Dean was just stepping into the main room when Sam yanked on the collar of his shirt-the fabric closed around his neck, sending him into a round of spastic coughing that tunneled his vision. Sam stood behind him, clutching him loosely around the chest and somehow holding him up. Dean dangled there, hunched over in Sam’s big giant arms, until the fit was over.
“Deeeen. You gotta wash out!
Sam lifted him off his feet, handling him like he weighed but an ounce, and put him back in the bathroom.
When Dean could see and breathe again, he remembered the glass from the television screen, scattered all over the floor.
“Don’ worry, Dean. Ah got it.”
“Sammy, it’s fine-“
But Sam was already stripping. He pulled his jacket, shirt and undershirt over his head in one swoop-Dean didn’t know where he found the coordination to perform such a feat-and spread it over the glass.
“Don’ wanta hurt yer feet,” Sam said, clearly very pleased with himself. Then he began to remove his pants.
“Sam…” Dean began, but it was useless. His little brother, now completely naked, knelt down on the floor and painstakingly smoothed his jeans and boxers over the remaining pieces of glass.
“There,” Sam said, beaming.
“Good job, Sammy.”
Sam stood, wobbled a moment, then turned inhuman shade of green.
“Bathroom, Sammy.”
Forty-five minutes later Sam was still crying at the toilet. Dean tried to cover him up with a towel, tried to get him to put some clothes back on but Sam refused, quoting over and over some professor he’d had at Stanford, something about prisons being the clothing of the civilized, or maybe it was the other way around.
Sam was painfully dry heaving now, shaking badly from the effort, and Dean didn’t know how much longer he’d be able to deal. He wasn’t exactly angry at Sam-his unbecoming habit of crying while he vomited was like having his little six-year-old brother back again-but Dean’s body was starting to seriously protest that it was being kept awake. Everything was fuzzy around the edges, his teeth were chattering, his back was aching fiercely from sitting on the bathroom floor and his head was pounding, the pain spiking every time Sam screeched “Ah luv you.”
“Come ‘ere,” Sam said, turning from the toilet and stretching out his arms. “Deeen. Yer a fever.”
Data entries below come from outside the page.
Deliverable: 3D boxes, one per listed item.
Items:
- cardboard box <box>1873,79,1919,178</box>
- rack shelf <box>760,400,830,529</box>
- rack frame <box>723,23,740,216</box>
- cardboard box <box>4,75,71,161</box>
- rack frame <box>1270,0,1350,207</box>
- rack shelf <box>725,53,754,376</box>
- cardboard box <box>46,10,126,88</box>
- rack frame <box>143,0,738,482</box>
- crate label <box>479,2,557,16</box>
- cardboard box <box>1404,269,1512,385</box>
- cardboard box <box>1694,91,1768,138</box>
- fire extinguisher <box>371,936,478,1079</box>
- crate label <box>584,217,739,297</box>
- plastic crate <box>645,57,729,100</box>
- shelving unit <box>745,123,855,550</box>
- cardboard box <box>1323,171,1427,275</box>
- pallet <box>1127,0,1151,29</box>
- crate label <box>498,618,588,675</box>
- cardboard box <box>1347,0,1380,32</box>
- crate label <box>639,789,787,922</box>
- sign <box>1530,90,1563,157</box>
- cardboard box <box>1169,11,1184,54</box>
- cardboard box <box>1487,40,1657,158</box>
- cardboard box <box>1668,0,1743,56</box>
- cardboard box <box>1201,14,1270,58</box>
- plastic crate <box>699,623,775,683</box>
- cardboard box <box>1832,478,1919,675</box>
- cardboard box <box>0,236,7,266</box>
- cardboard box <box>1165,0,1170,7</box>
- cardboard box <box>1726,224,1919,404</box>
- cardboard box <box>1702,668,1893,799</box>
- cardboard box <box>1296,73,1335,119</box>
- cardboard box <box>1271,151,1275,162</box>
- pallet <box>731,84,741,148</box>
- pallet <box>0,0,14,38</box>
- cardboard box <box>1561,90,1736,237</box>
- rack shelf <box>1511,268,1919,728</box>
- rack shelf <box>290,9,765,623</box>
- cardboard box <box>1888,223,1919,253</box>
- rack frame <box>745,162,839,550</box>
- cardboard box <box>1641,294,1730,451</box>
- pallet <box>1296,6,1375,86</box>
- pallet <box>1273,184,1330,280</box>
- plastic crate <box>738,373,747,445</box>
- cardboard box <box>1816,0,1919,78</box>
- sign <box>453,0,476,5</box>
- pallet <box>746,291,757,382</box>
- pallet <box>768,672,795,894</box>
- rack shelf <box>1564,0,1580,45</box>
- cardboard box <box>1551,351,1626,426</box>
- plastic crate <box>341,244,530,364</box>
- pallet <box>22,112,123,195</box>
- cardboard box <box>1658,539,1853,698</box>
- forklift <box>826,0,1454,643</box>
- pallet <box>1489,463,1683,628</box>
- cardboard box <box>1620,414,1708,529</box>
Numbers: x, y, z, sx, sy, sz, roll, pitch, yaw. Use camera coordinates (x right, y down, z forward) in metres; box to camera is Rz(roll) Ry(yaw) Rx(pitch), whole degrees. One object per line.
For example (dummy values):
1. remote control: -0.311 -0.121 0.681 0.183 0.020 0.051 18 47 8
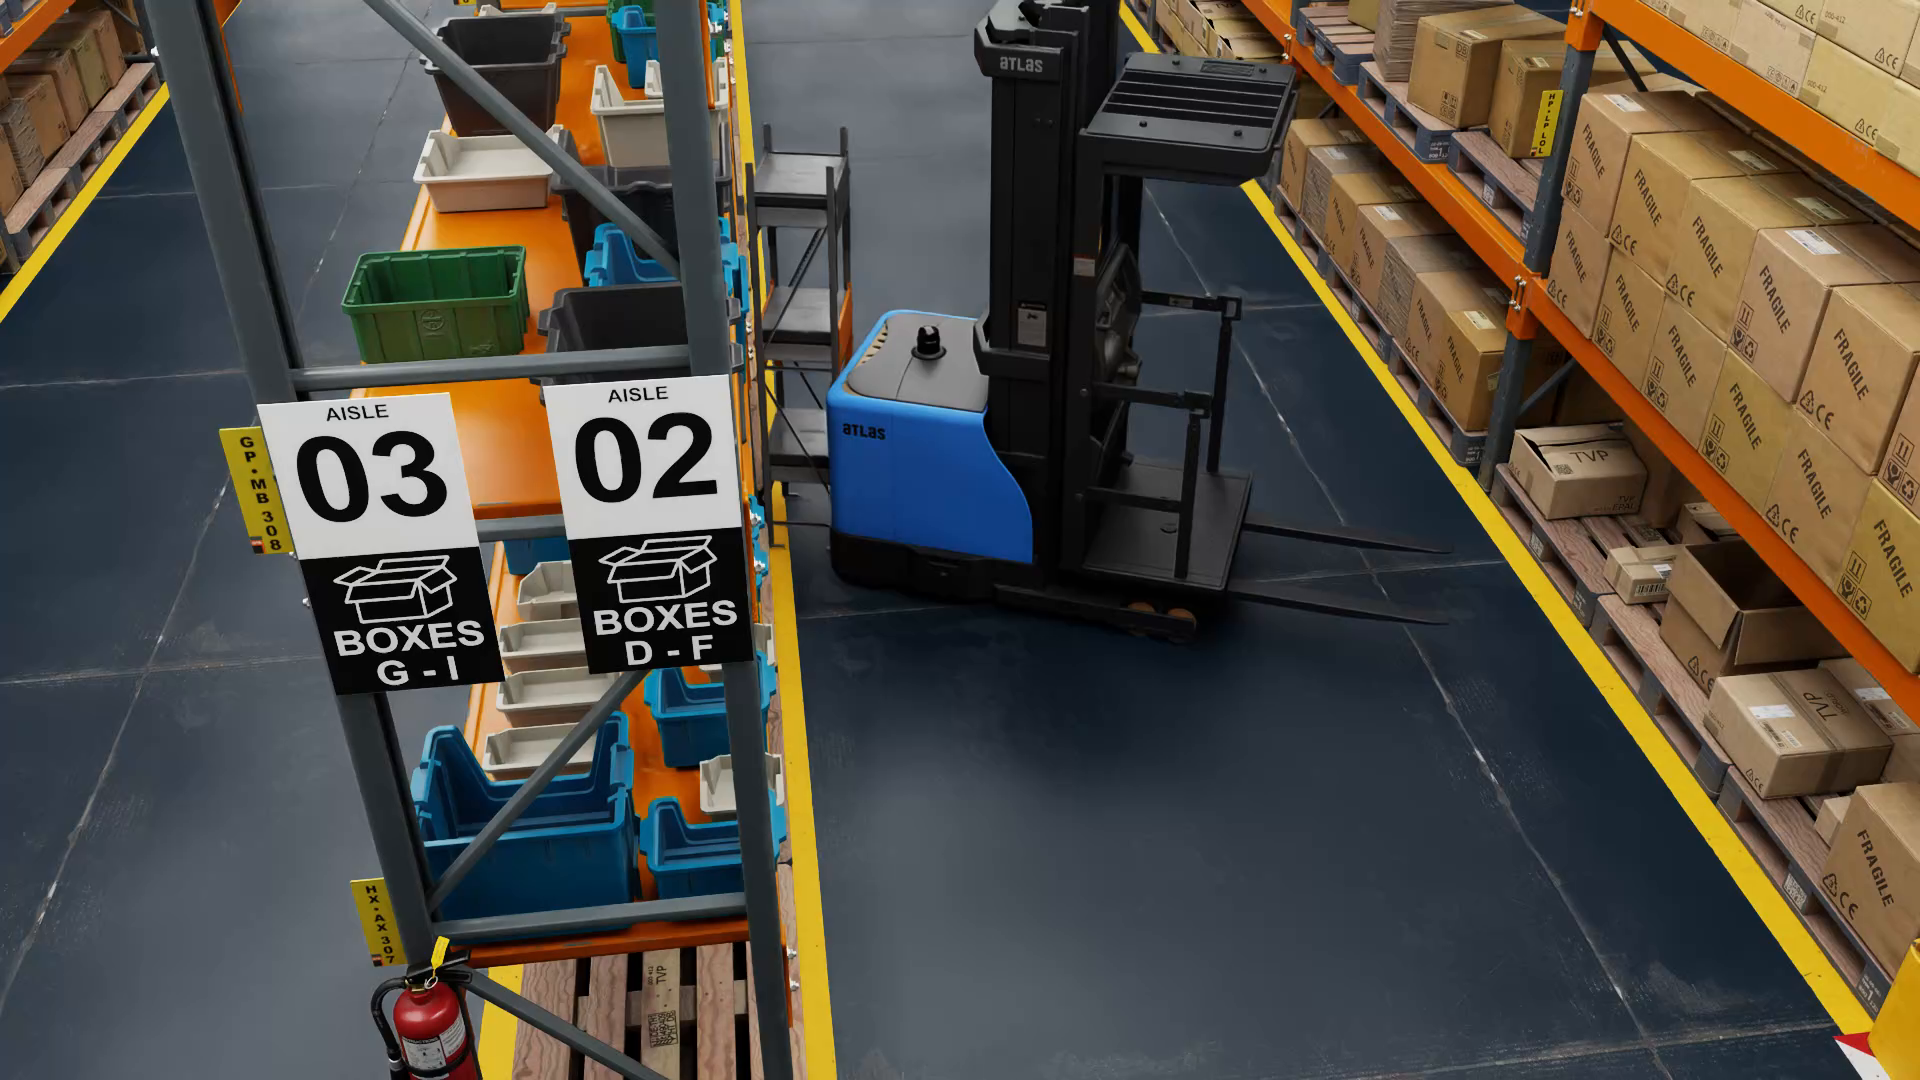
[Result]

“That’s right, Sammy,” Dean said wearily. “I’m a fever.”
“Wass wrong, Deeen?”
“I’m sick, Sammy.”
“Um sick, too, Deeen. Ah puked everywhere.” Sam pulled him close. “But um sorry. Um sorry I lef’, cause yerma brother ‘n’ I luv you.”
Dean raked the leaves from Sam’s hair, sighing. He couldn’t breathe. He was exhausted. He was trapped in the vice-like hug of his drunken, naked brother.
But it was alright. There was a bottle of Jarritos in the mini-fridge, a bed full of snotty, squishy tissues in the next room, and he had the whole night to plot his revenge.
“I love you too, bro,” Dean answered. “Even tomorrow morning, I love you too.”